La balle est dans le camp des privés qui devraient s’engager à investir plus dans des projets à forte employabilité. Emploi-développement, l’équation est d’autant plus complexe qu’elle incarne le défi de la croissance. Cela veut dire, sans détours, qu’un point de plus dans le PIB est l’équivalent d’environ 20 mille postes d’emploi à pourvoir. Ceci dépend de cela. Soit, d’après les experts, quelque 100 mille emplois exigent, en moyenne, un taux de croissance égal à 5%. Parlons-en, ainsi plus de 600 mille chômeurs est un chiffre de trop. Cela nécessite une remobilisation des moyens.

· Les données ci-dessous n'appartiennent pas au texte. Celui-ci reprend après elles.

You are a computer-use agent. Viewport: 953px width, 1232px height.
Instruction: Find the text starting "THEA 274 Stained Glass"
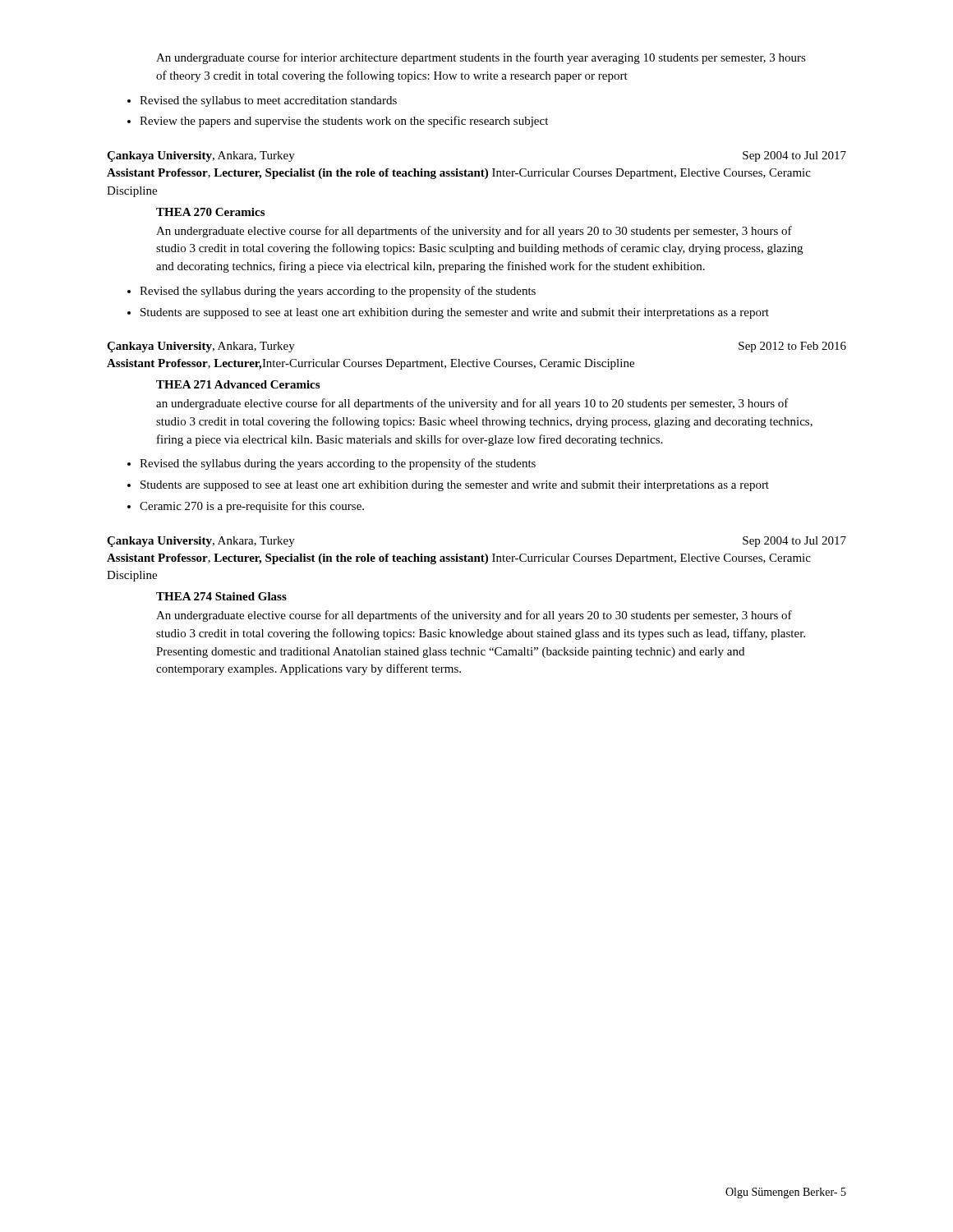pos(221,596)

De ce fait, la mentalité d’assisté devrait également changer. Un emploi à la merci de la fonction publique le doit aussi. Le compter-sur-soi, avec le soutien de l’Etat et d’autres mécanismes d’appoint, serait bien le sésame de l’avenir. Cela trouve sa justification dans le Pacte social tripartite, signé le 14 janvier 2013, entre le gouvernement d’une part, l’Ugtt et l’Utica, de l’autre. Cela dit, l’emploi décent était mis en avant, en tant qu’attribut social, mais aussi un droit acquis. Et constitutionnellement garanti. D’ailleurs, le syndrome du chômage fut présenté comme un mal structurel. Un cumul massif des sans-emploi qui est essentiellement à l’origine des facteurs d’ordre politique, économique et éducatif. Entre la formation des compétences et les besoins pressants des entreprises, il y a inéquation qui a duré pour longtemps. C’est que l’école tunisienne, jadis un véritable ascenseur social, demeure une fabrique de chômeurs. D’autant que l’appareil productif s’est trouvé dans l’incapacité de générer davantage de projets à fort potentiel d’emplois. Et encore moins d’opportunités d’intégration dans le marché du travail. Une sorte de système machiavélique hostile à l’esprit solidaire.

L’économie solidaire

est-elle une solution ?

Et là, l’économie solidaire et sociale semble avoir un apport considérable en matière de développement. Gisement, jusque-là, non exploité, elle n’en représente que moins de 1%, selon les statistiques de l’Ugtt. A ce niveau, certains acteurs de la société civile ont souligné que «la réflexion sur un modèle de développement alternatif ne doit se passer de l’épargne et de l’économie solidaire et sociale». Leur impact sur la généralisation de postes d’emploi et la promotion des régions les plus démunies n’est plus à démontrer. De même, le Forum tunisien pour les droits économiques et sociaux a défendu ce choix. Mais, pour lui, le gouvernement doit prendre son courage à deux mains et finir avec l’emploi précaire. Les ouvriers des chantiers en avaient trop souffert. Il est aussi question de dénicher de nouvelles opportunités d’insertion dans la vie active. L’essentiel consiste à apporter des solutions concrètes au problème du chômage, à travers une vision qui soit claire et lucide.